Feal-Thas le sonrió al lobo y premió al animal revolviéndole la pelambre mientras le ofrecía una tira de carne de caribú. El lobo aceptó el trato y engulló la carne de golpe, tras lo cual se sentó apoyado en las ancas y esperó por si su amo lo necesitaba para algo más.
El Señor del Dragón dejó de escribir, desenvolvió el paquete y sacó el mensaje. Le echó un vistazo, frunció el entrecejo y lo leyó con más detenimiento. Apretó los finos labios en un gesto iracundo, hizo una bola con el papel y la arrojó al otro lado de la estancia.
El lobo, pensando que era el juego que los dos practicaban a menudo, fue a recoger la «pelota» y se la llevó a Feal-Thas, soltándola a sus pies.
El elfo no pudo menos que sonreír.
—Gracias, amigo —dijo—. Me recuerdas que también yo estoy al servicio de los deseos de mi amo. ¿Te digo lo que espera mi amo de mí? Presta atención.

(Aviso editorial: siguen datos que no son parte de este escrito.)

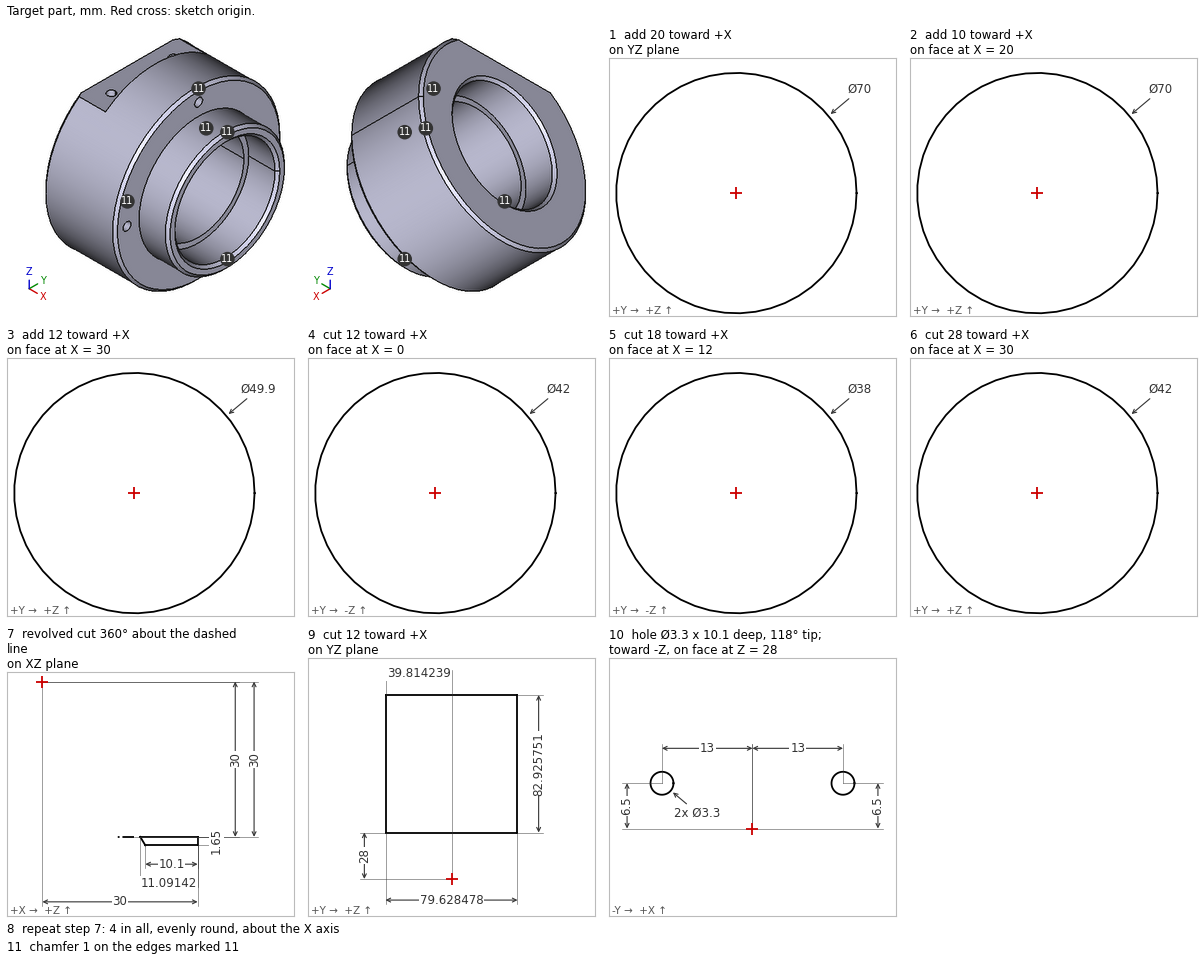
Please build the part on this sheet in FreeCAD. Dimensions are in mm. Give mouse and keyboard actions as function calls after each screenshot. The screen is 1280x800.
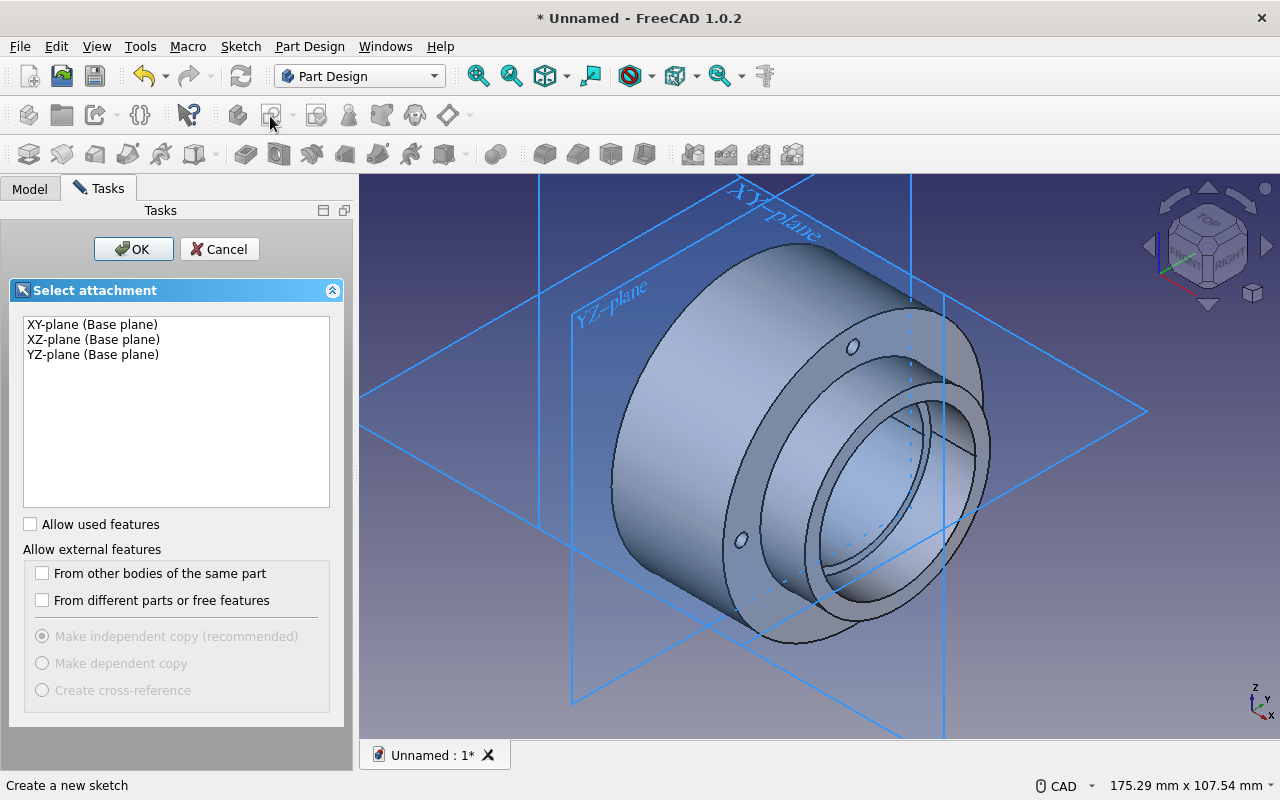
click(84, 354)
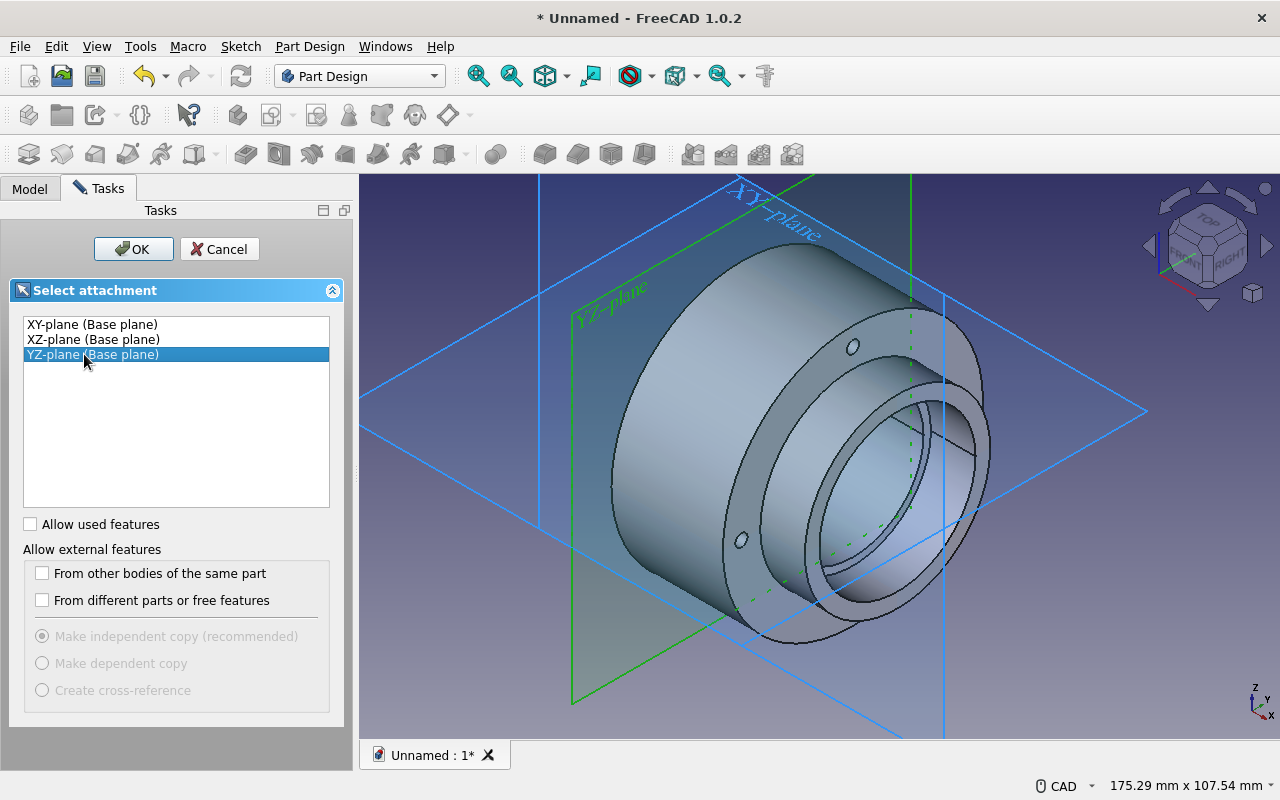
click(134, 249)

Extendió la misiva sobre el escritorio, estiró las arrugas que le había hecho y empezó a leer en voz alta. Había tomado por costumbre hablar con los lobos y sostenía con ellos conversaciones que eran monólogos en los que daba a conocer sus ideas y discutía sus planes. A Feal-Thas le gustaba decir que los lobos le parecían más inteligentes que las personas, principalmente porque nunca le llevaban la contraria.

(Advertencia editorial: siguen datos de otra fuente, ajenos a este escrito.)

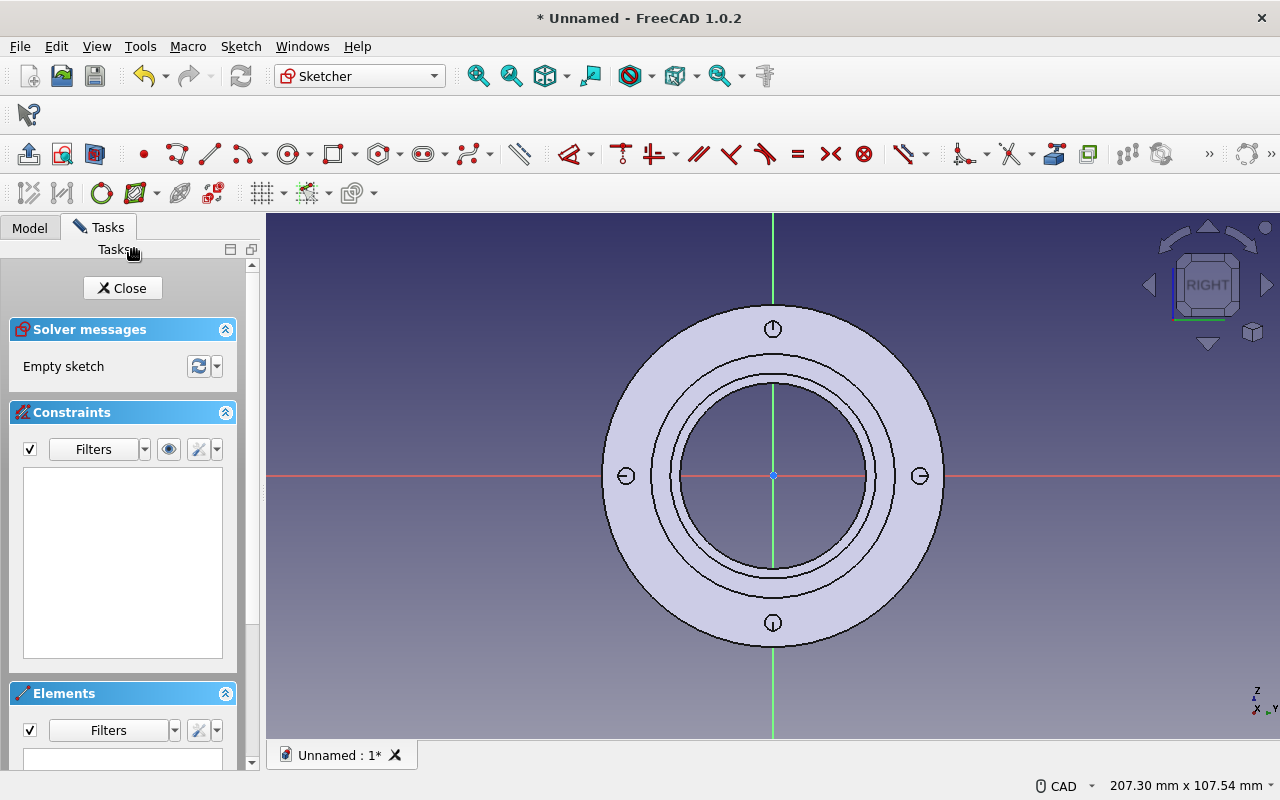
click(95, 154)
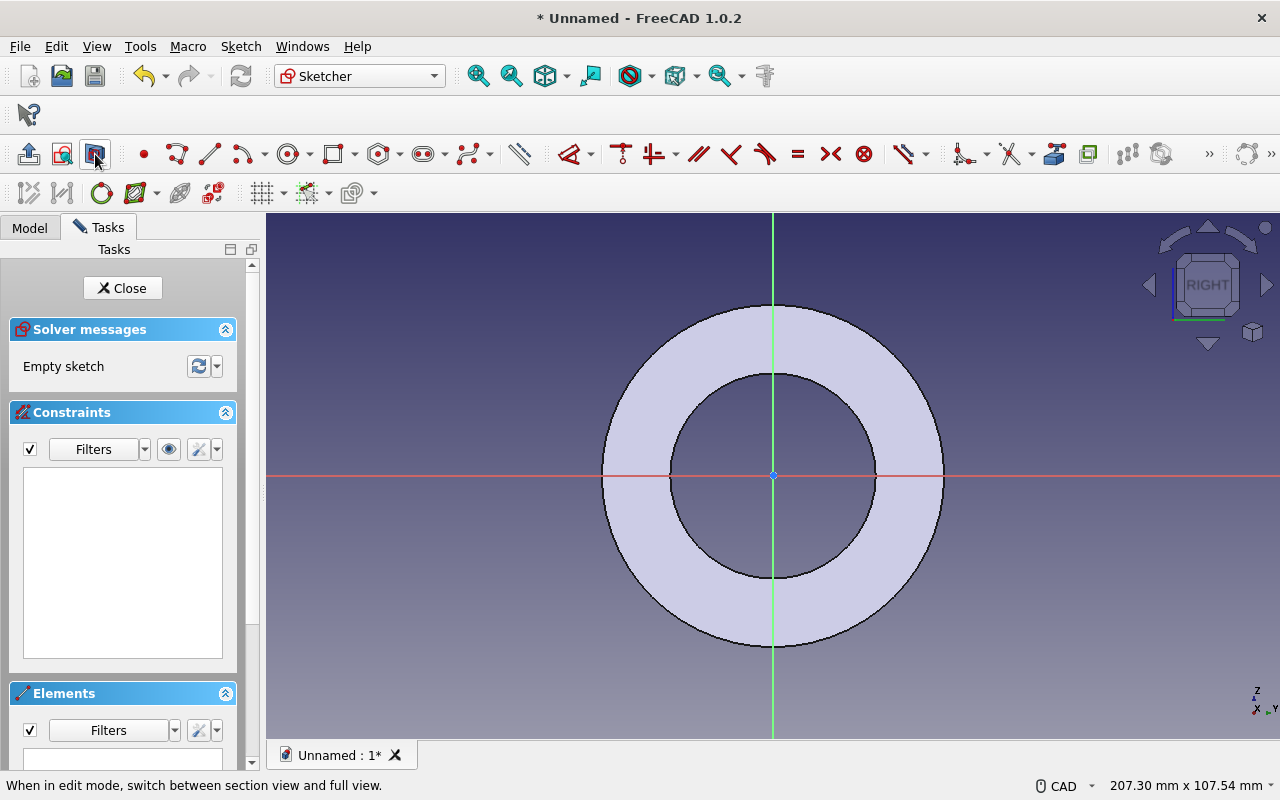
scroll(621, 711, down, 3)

—«El emperador Ariakas saluda al Señor del Dragón Feal-Thas, del Ejército Blanco...» bla, bla, bla...
El lobo miraba al brujo invernal con ojos relucientes y gran atención.
—«La Señora del Dragón del Ejército Azul, la Dama Azul, llegará pronto para reunirse contigo y hablar de ciertos planes que considero vitales para la marcha de la guerra. La presente es para hacerte saber que la Dama Azul goza de mi plena confianza y que la obedecerás en todo, como me obedecerías a mí.» Firmado, Ariakas, emperador de Ansalon.